4. ## Re: Growth rate of Prime zeta function

Originally Posted by mathematicaphoenix
I got that result. But how would you use (3) to calculate the the number of terms required to get $\displaystyle P(s)$ to a given accuracy using direct calculation.
For example, for $\displaystyle \zeta (s)$ I have already found that, to get $\displaystyle D$ digits of accuracy you would require
$\displaystyle n\approx 10^{\frac{D}{s}}$
terms. I want to do a similar thing with $\displaystyle P(s)$. Can you help?

Thanks
If You intend to use that formula, then what You can do is to extimate the minimum value of s that gives an error $\displaystyle < 10^{-D}$. If You write...

$\displaystyle P(s)= \frac{1}{2^{s}} + \varepsilon (s)$ (1)

... then the condition is approximately...

$\displaystyle \frac{2}{3^{s}}< 10^{-D} \implies s> D\ \frac{\ln 10 + \ln 2}{\ln 3}$ (2)

If You uses two terms of the series writing $\displaystyle P(s) \sim \frac{1}{2^{s}} + \frac{1}{3^{s}}$ then You write...

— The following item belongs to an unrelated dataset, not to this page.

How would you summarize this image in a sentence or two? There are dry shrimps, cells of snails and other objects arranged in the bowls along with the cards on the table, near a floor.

$\displaystyle P(s)= \frac{1}{2^{s}} + \frac{1}{3^{s}}+ \varepsilon (s)$ (3)

... and the condition is approximately...

$\displaystyle \frac{2}{5^{s}}< 10^{-D} \implies s> D\ \frac{\ln 10 + \ln 2}{\ln 5}$ (4)

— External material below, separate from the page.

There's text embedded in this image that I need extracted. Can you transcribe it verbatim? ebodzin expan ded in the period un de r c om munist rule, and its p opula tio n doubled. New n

Now You can proceed increasing the terms till to arrive to the required accuracy...

Kind regards

$\displaystyle \chi$ $\displaystyle \sigma$

5. ## Re: Growth rate of Prime zeta function

Originally Posted by chisigma
If You intend to use that formula, then what You can do is to extimate the minimum value of s that gives an error $\displaystyle < 10^{-D}$. If You write...

$\displaystyle P(s)= \frac{1}{2^{s}} + \varepsilon (s)$ (1)

... then the condition is approximately...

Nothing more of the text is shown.